Task goal: Scan the entries for lines with the word "boxes", then copy those lines.

Data to process:
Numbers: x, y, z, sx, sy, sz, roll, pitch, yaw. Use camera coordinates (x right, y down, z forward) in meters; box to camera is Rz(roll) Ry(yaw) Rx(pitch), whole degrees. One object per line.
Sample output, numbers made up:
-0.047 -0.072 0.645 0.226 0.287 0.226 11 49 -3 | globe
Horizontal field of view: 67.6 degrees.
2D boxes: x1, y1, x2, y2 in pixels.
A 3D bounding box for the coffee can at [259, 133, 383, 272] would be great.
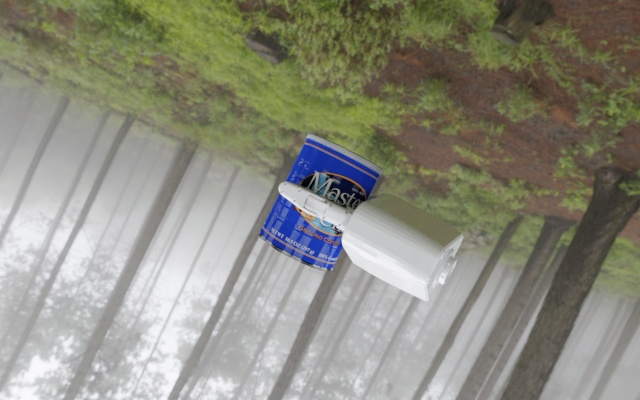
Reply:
0.000 0.002 0.592 0.103 0.140 0.103 27 3 -2 | coffee can
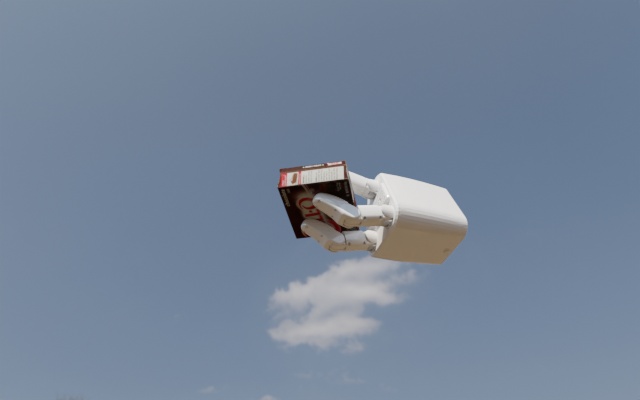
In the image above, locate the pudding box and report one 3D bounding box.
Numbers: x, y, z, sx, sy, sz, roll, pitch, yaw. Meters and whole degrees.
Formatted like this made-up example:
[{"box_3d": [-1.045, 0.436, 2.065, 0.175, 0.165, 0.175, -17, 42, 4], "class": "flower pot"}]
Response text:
[{"box_3d": [0.000, 0.002, 0.630, 0.090, 0.039, 0.114, -8, -43, 8], "class": "pudding box"}]
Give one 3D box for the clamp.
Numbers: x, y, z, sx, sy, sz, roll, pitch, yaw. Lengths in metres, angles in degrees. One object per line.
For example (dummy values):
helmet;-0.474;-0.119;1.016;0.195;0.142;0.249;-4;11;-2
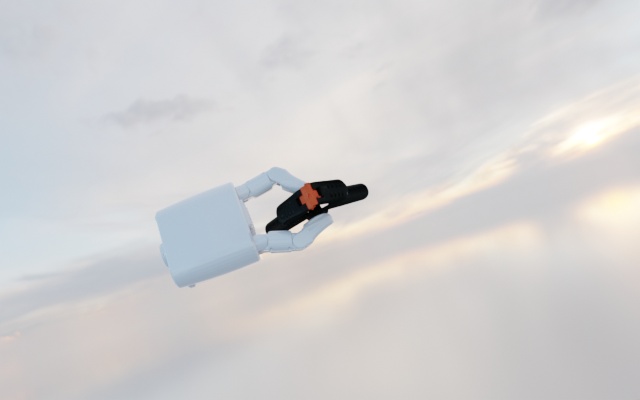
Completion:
clamp;0.000;0.001;0.630;0.164;0.036;0.210;-24;-7;-7
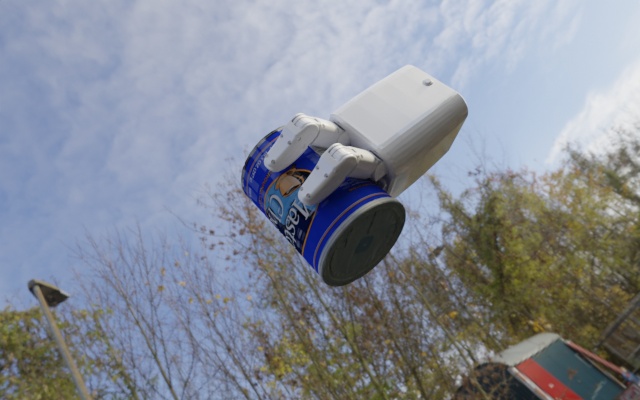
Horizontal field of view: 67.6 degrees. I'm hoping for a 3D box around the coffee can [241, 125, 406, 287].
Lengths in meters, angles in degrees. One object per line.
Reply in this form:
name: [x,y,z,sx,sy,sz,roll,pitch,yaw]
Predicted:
coffee can: [0.000,0.002,0.480,0.103,0.103,0.140,0,36,-48]
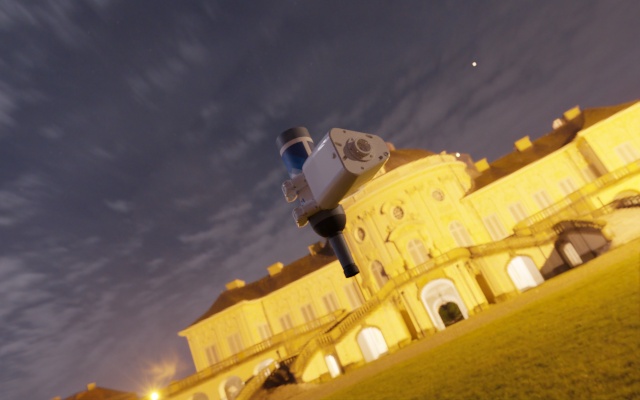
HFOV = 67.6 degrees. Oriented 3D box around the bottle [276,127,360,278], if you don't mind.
[{"bbox_3d":[0.000,0.003,0.873,0.069,0.295,0.069,-21,-21,-8],"label":"bottle"}]
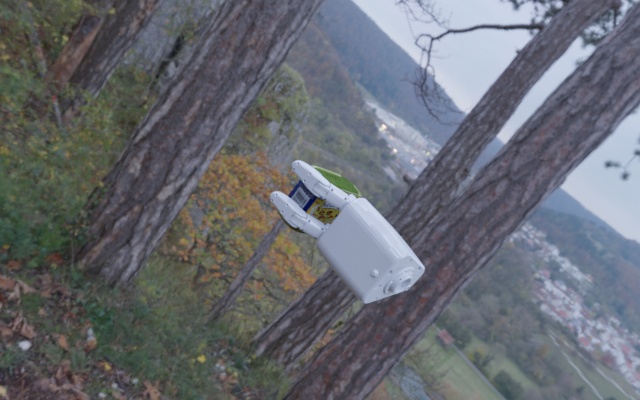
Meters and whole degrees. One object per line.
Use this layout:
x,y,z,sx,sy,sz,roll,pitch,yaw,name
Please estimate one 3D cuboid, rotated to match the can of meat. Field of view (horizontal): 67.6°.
0.000,0.002,0.701,0.102,0.084,0.057,15,29,-48,can of meat
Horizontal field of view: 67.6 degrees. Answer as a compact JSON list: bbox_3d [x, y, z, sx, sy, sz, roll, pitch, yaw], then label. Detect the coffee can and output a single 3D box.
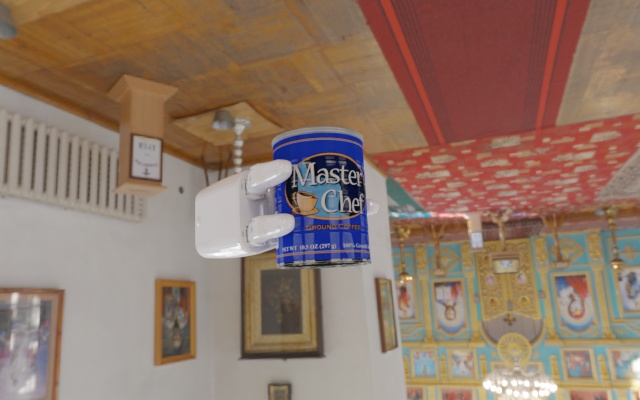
[{"bbox_3d":[0.000,0.002,0.524,0.103,0.140,0.103,-3,-10,-1],"label":"coffee can"}]
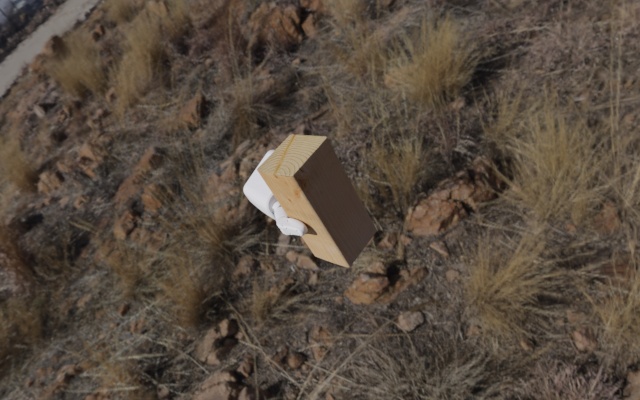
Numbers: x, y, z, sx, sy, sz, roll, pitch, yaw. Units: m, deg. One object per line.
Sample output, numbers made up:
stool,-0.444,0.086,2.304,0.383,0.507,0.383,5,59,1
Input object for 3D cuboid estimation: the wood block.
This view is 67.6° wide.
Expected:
wood block,0.000,0.003,0.779,0.090,0.206,0.090,12,54,46
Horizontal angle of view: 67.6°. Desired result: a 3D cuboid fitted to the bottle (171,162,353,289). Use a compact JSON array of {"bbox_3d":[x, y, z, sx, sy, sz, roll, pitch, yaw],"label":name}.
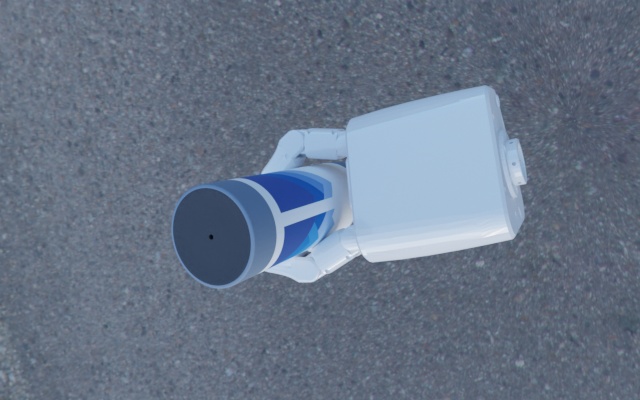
[{"bbox_3d":[0.000,0.001,0.424,0.069,0.069,0.295,0,8,28],"label":"bottle"}]
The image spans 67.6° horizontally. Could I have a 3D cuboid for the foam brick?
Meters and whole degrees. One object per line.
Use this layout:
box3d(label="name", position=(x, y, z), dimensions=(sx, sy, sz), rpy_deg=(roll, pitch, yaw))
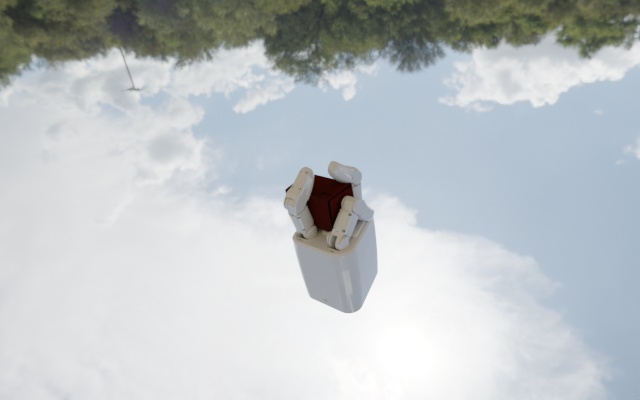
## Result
box3d(label="foam brick", position=(0.000, 0.002, 0.646), dimensions=(0.078, 0.051, 0.053), rpy_deg=(16, 40, 38))
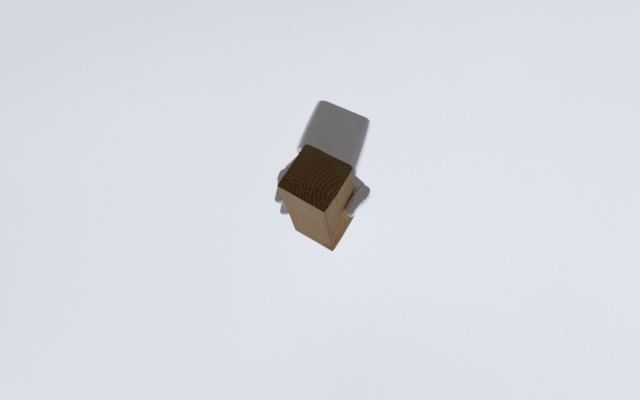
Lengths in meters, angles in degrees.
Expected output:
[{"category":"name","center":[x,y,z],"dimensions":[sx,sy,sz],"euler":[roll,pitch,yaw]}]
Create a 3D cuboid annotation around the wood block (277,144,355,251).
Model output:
[{"category":"wood block","center":[0.001,0.003,0.833],"dimensions":[0.091,0.090,0.206],"euler":[28,-17,16]}]
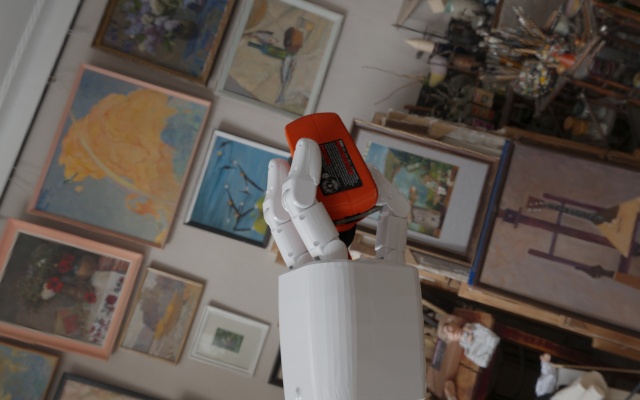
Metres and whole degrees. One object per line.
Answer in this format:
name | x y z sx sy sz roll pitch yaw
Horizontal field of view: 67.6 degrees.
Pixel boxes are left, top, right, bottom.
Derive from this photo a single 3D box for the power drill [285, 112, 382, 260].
power drill | 0.000 0.002 0.479 0.057 0.184 0.188 -19 -29 -12
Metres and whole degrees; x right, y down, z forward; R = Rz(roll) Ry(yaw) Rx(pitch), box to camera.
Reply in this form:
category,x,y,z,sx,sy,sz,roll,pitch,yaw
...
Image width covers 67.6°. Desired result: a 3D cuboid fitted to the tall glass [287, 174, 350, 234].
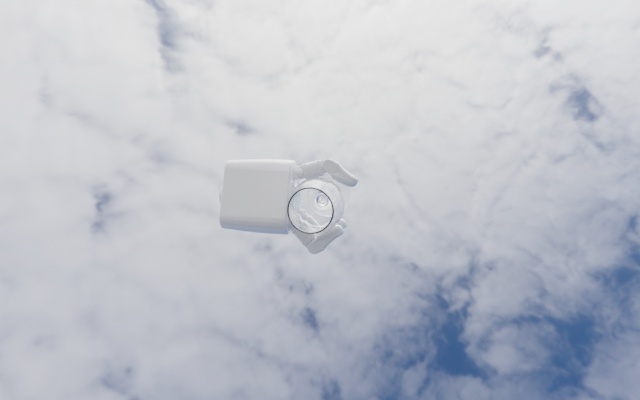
category,x,y,z,sx,sy,sz,roll,pitch,yaw
tall glass,0.000,0.002,0.717,0.079,0.079,0.201,0,6,8
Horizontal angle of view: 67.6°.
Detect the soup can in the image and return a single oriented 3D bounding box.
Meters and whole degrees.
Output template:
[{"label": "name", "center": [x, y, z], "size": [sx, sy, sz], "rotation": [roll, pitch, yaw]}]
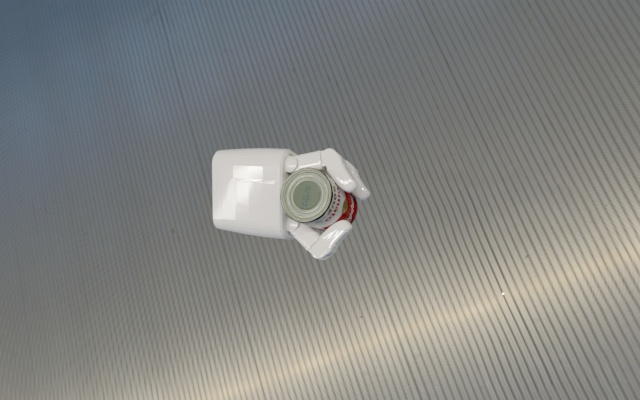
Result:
[{"label": "soup can", "center": [0.000, 0.002, 0.599], "size": [0.068, 0.068, 0.102], "rotation": [0, -10, 21]}]
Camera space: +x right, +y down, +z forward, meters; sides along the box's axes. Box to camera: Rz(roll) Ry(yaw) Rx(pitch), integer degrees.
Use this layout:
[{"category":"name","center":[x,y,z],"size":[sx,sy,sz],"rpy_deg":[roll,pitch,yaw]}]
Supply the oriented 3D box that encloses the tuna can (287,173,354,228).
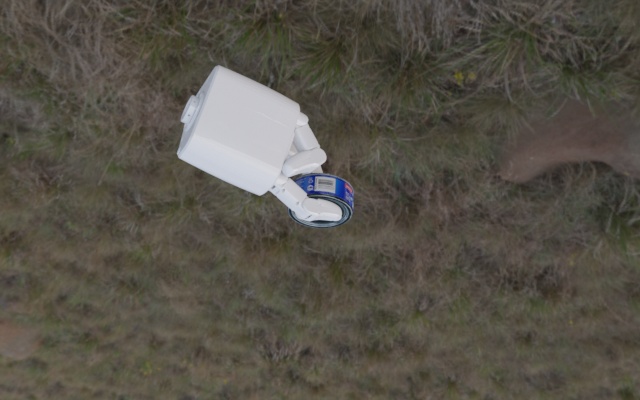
[{"category":"tuna can","center":[0.000,0.003,0.617],"size":[0.086,0.033,0.086],"rpy_deg":[2,-32,1]}]
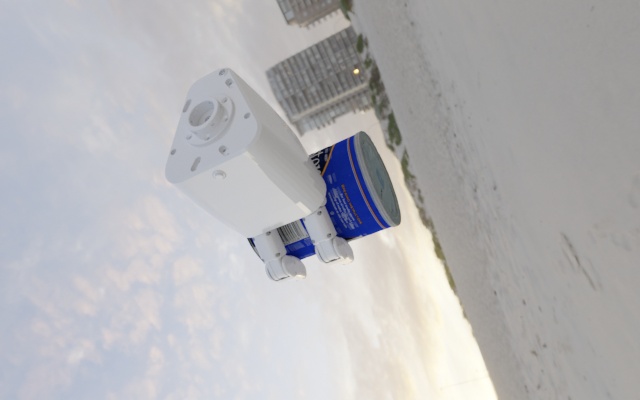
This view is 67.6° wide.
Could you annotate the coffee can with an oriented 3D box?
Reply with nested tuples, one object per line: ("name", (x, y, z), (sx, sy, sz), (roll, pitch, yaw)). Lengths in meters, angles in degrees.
("coffee can", (0.000, 0.002, 0.502), (0.140, 0.103, 0.103), (-22, -7, 18))
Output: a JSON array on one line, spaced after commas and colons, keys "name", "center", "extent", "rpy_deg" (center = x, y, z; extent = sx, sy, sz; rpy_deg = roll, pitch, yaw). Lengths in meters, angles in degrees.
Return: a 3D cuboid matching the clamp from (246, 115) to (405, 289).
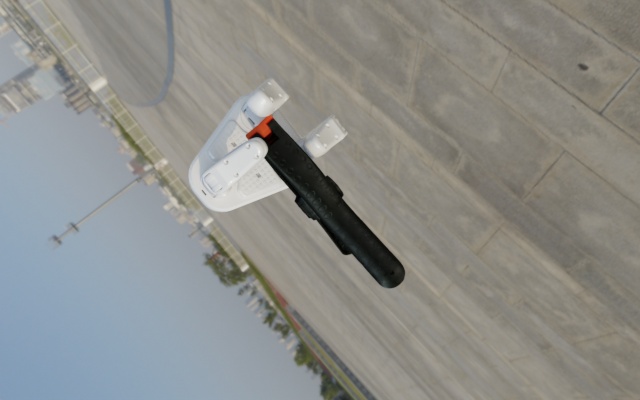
[{"name": "clamp", "center": [0.000, 0.002, 0.422], "extent": [0.039, 0.171, 0.120], "rpy_deg": [-40, 8, -12]}]
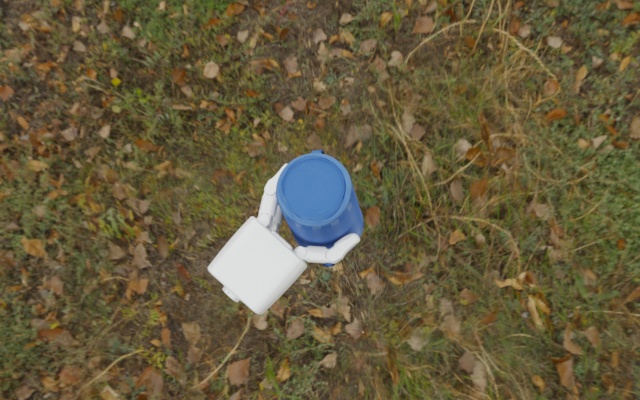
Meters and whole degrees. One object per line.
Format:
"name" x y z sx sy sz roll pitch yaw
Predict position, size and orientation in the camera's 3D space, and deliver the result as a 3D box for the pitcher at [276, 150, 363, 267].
"pitcher" 0.000 0.003 0.775 0.149 0.145 0.243 41 -8 14
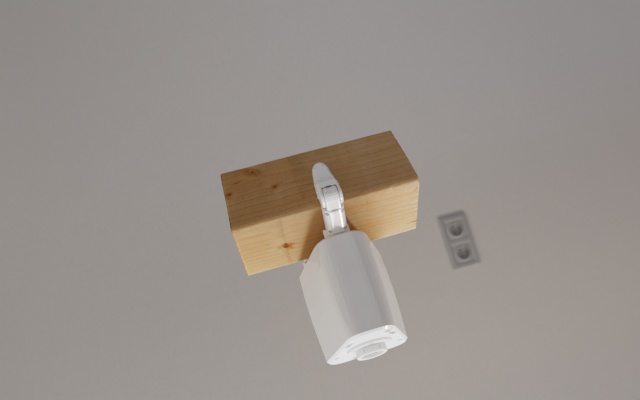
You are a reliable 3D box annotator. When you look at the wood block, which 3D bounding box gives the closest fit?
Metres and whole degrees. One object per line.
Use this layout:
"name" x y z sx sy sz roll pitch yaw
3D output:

Task answer:
2D boxes: x1, y1, x2, y2 in pixels.
Pixel boxes are left, top, right, bottom.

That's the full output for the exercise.